Months before the 2008 elections, the government launched a media blitz with posters of prominent personalities endorsing the government’s ‘Smart Island’ strategy.
The campaign included personalities such as then Malta Independent editor Noel Grima, PBS journalist Daphne Cassar, presenters Peppi Azzopardi, John Bundy, Claudette Pace (still working at NET at the time), Claire Agius Ordway and Gianni Zammit, GRTU director-general Vince Farrugia, actor George Micallef, author Trevor Zahra, footballer Carmel Busuttil, GO CEO Sonny Portelli, Children’s Commissioner Carmen Zammit, businessmen Jonathan Shaw, Ivan Bartolo and the late Desmond Vella, KNPD chairperson Joe Camilleri, singer and later Transport Malta executive Konrad Pule, and actor Owen Bonnici.
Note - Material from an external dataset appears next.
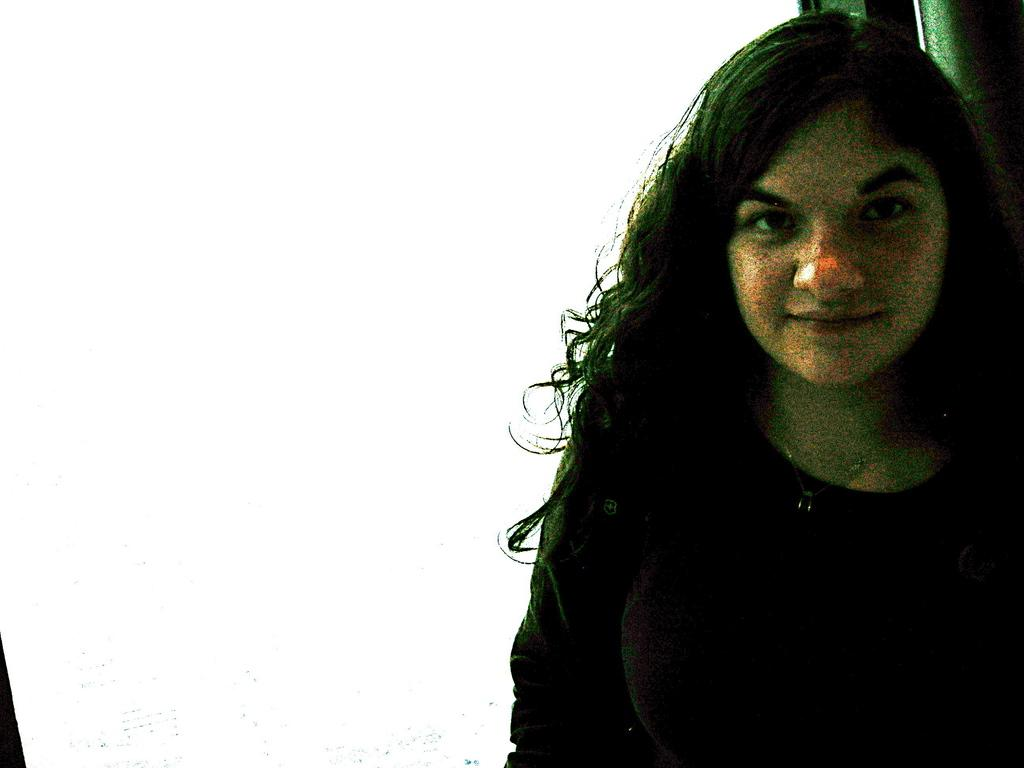What is the main subject of the image? The main subject of the image is a woman. Are there any bears wearing hats in the image? No, there are no bears or hats present in the image.

Opposition leader Alfred Sant was repeatedly accused of attempting to derail the project when he questioned the real estate component of the project. Sant had warned that Smart City would “serve to screen the transactions of luxury apartment entrepreneurs from abroad”, and that the government had camouflaged this intention by “boasting about the thousands of jobs in IT” Smart City would create.
“But we have been here before. At Chambray, at White Rocks, at Cottonera and elsewhere, the same generous job promises were made and then buried,” Sant said.
- Terms of concession
The land at Smart City was originally the Ricasoli industrial estate, which could only be leased or sold off in the first place by a vote in the House of Representatives for inclusion in the new development schemes.
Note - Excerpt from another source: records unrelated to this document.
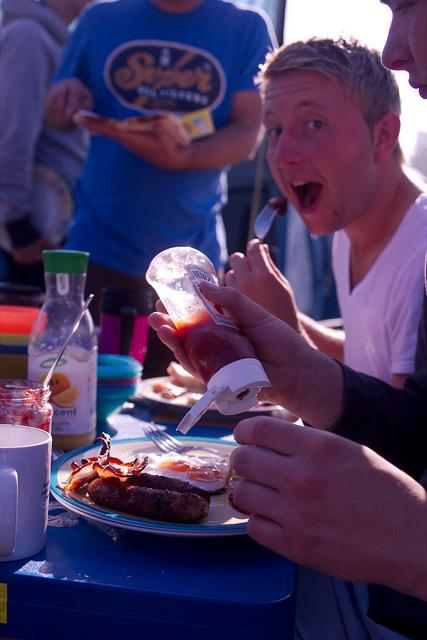Why are the men seated? eating 
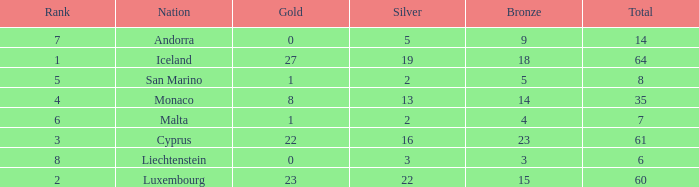How many bronzes for Iceland with over 2 silvers? 18.0. 
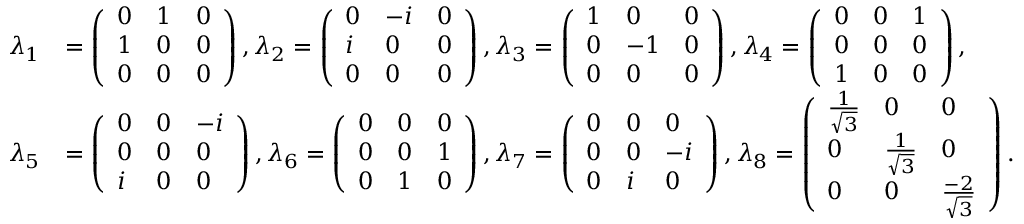Convert formula to latex. <formula><loc_0><loc_0><loc_500><loc_500>\begin{array} { r l } { \lambda _ { 1 } } & { = \left ( \begin{array} { l l l } { 0 } & { 1 } & { 0 } \\ { 1 } & { 0 } & { 0 } \\ { 0 } & { 0 } & { 0 } \end{array} \right ) , \lambda _ { 2 } = \left ( \begin{array} { l l l } { 0 } & { - i } & { 0 } \\ { i } & { 0 } & { 0 } \\ { 0 } & { 0 } & { 0 } \end{array} \right ) , \lambda _ { 3 } = \left ( \begin{array} { l l l } { 1 } & { 0 } & { 0 } \\ { 0 } & { - 1 } & { 0 } \\ { 0 } & { 0 } & { 0 } \end{array} \right ) , \lambda _ { 4 } = \left ( \begin{array} { l l l } { 0 } & { 0 } & { 1 } \\ { 0 } & { 0 } & { 0 } \\ { 1 } & { 0 } & { 0 } \end{array} \right ) , } \\ { \lambda _ { 5 } } & { = \left ( \begin{array} { l l l } { 0 } & { 0 } & { - i } \\ { 0 } & { 0 } & { 0 } \\ { i } & { 0 } & { 0 } \end{array} \right ) , \lambda _ { 6 } = \left ( \begin{array} { l l l } { 0 } & { 0 } & { 0 } \\ { 0 } & { 0 } & { 1 } \\ { 0 } & { 1 } & { 0 } \end{array} \right ) , \lambda _ { 7 } = \left ( \begin{array} { l l l } { 0 } & { 0 } & { 0 } \\ { 0 } & { 0 } & { - i } \\ { 0 } & { i } & { 0 } \end{array} \right ) , \lambda _ { 8 } = \left ( \begin{array} { l l l } { \frac { 1 } { \sqrt { 3 } } } & { 0 } & { 0 } \\ { 0 } & { \frac { 1 } { \sqrt { 3 } } } & { 0 } \\ { 0 } & { 0 } & { \frac { - 2 } { \sqrt { 3 } } } \end{array} \right ) . } \end{array}</formula>

MEPA changed its local plan to accommodate the development, earmarking Ricasoli for “information and communication technology industries” while permitting residential, hotel and commercial development. It also paved the way for a new arterial road, linking Tal-Barrani road with Kalkara, which has so far not materialised; and for the relocation of a proposed Sewage Treatment Plant from the Wied Ghammieq sewage outfall, to a pristine site in Xghajra.
The Ricasoli land – a vast industrial wasteland the size of 40 football grounds – was offered to Tecom Investments for a ground rent of Lm65,000 (€150,000) a year, increasing by 5% every five years.
Tecom was obliged to keep 33% of their investment development free, and invest a further €24 million in landscaping. Another 119,000 square metres of floor-space (the size of 20 football grounds) were earmarked for real estate and commercial development.
Tenants could redeem their lease on the land earmarked for apartments and villas at just Lm1.75 (€4) per square metre.
Additionally, Tecom Investments and the Dubai Investment Group had also furthered their interests in Malta, with the acquisition of 60% of Maltacom – now renamed GO plc.
What made Smart City different to other projects, where public land was sold at a pittance to make way for speculation, is that the agreement signed between Tecom and the government set a €920,000 fine for each year in which the developers fail to create the promised jobs.
Failing to complete the job in time had to be met by a daily €1,150 penalty until works are finalised.
After abandoning a similar venture in India during the 2009 financial crisis, Tecom reiterated its commitment to invest €208 million in the Malta project, but problems plagued the stalled project and the 5,600 job promise never materialised.
- Change in government
Despite the Labour Party’s reservations about the project when it was presented in 2008, the election of Joseph Muscat in 2013 saw an increased interest in changing the zoning of the project, with a €74 million 12-storey hotel being proposed on site so that the Institute for Tourism Studies could relocate its campus to Smart City, from St George’s Bay, where the ITS land was granted in a concession to the db Group.
A new 200-bed state-of-the-art private hospital will be built at Smart City, while a number of government entities including the Gaming Authority and the Malta Tourism Authority were relocated there.